5. Un "write-blocker" est un outil forensique utilisé pour :

Write-blocker (hardware ou software) = dispositif intercalé entre l'analyste et le disque original. Permet la lecture mais bloque TOUTE écriture. Si un OS moderne monte un disque sans write-blocker : il peut modifier les métadonnées d'accès, corrompant les preuves. L'acquisition forensique doit se faire via write-blocker pour que le hash du disque reste valide.

6. Un IOC (Indicateur de Compromission) est :

IOC = artifacts observables indiquant une compromission. Exemples : hash SHA-256 d'un malware connu, adresse IP d'un serveur C2, domaine malveillant, valeur de clé de registre créée par un malware, pattern de trafic réseau anormal. Partagés entre organisations via STIX (format) et TAXII (protocole d'échange) pour améliorer la détection collective.

7. Lors d'un incident de ransomware actif, quelle devrait être la PREMIÈRE action après détection ?

Ransomware actif = CONFINEMENT IMMÉDIAT. Isoler les systèmes (déconnecter du réseau, pas éteindre — la RAM contient peut-être des clés de déchiffrement). Limiter la propagation au réseau. Puis : notifier l'équipe IR, activer le plan de réponse aux incidents, évaluer l'impact. Éteindre sans capturer la RAM = perdre des preuves potentielles.
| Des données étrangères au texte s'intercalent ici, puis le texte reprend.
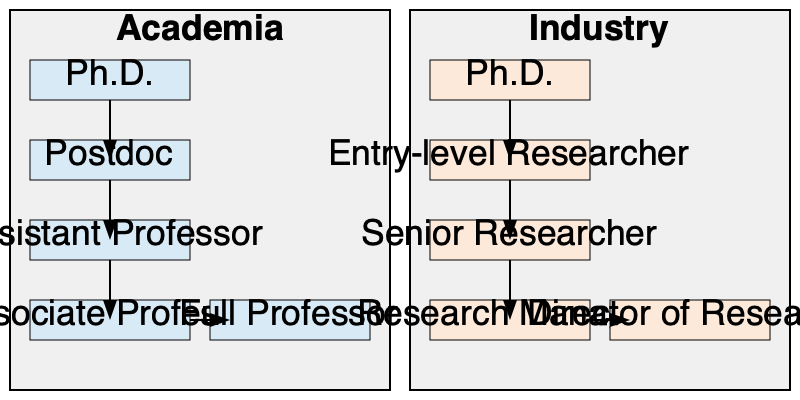Based on the parallel flowcharts comparing career progression in academia and industry, what is the key difference in the number of major career stages between the two paths after obtaining a Ph.D.? To answer this question, we need to analyze and compare the career progression paths shown in the flowcharts for both academia and industry:

1. Academia path:
   a. Ph.D.
   b. Postdoc
   c. Assistant Professor
   d. Associate Professor
   e. Full Professor

2. Industry path:
   a. Ph.D.
   b. Entry-level Researcher
   c. Senior Researcher
   d. Research Manager
   e. Director of Research

3. Counting the major career stages:
   - Academia: 5 stages (including Ph.D.)
   - Industry: 5 stages (including Ph.D.)

4. Comparing the number of stages:
   - Both paths have the same number of major career stages (5)
   - The key difference is not in the number of stages, but in the nature of the positions

5. Identifying the key difference:
   - In academia, there is a distinct "Postdoc" stage between Ph.D. and Assistant Professor
   - In industry, there is no equivalent to the "Postdoc" stage; instead, Ph.D. graduates typically move directly into Entry-level Researcher positions

Therefore, the key difference in the number of major career stages between the two paths after obtaining a Ph.D. is that academia has one additional stage (Postdoc) before entering a faculty position, while industry does not have this intermediate stage.
Answer: Academia has one additional stage (Postdoc) after Ph.D. before entering a faculty position, while industry does not. 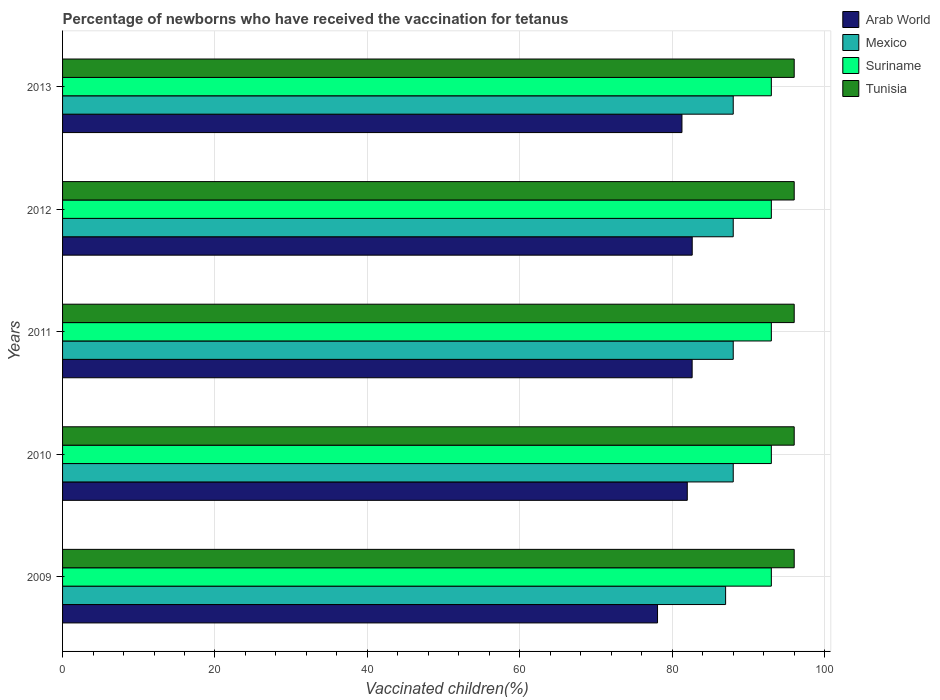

8. La phase "Leçons Apprises" (Post-Incident) du processus IR sert à :

Post-Incident = amélioration continue. Réunion PIR (Post-Incident Review) : timeline de l'incident, cause profonde (root cause), efficacité de la réponse, ce qui aurait pu être fait mieux, mises à jour des playbooks, formation si nécessaire, rapport pour la direction. Une organisation qui ne fait pas de PIR répète les mêmes erreurs.

9. Un playbook SOAR différencie d'un runbook en ce que :

Runbook = procédure manuelle documentée (checklist que suit un analyste SOC). Playbook = automatisation d'un runbook dans une plateforme SOAR. Le playbook exécute les étapes automatiquement via des APIs et intégrations. Un bon playbook est souvent la version automatisée d'un runbook qui a fait ses preuves manuellement.

10. Une "Forensic Image" (copie forensique) est :

Forensic Image = copie exacte bit-par-bit du disque entier, incluant les secteurs "vides" (qui peuvent contenir des fichiers supprimés récupérables). Outils : dd (Linux), FTK Imager, EnCase. Hash SHA-256 calculé avant et après pour prouver l'intégrité. L'analyste travaille toujours sur la copie forensique, jamais sur le disque original.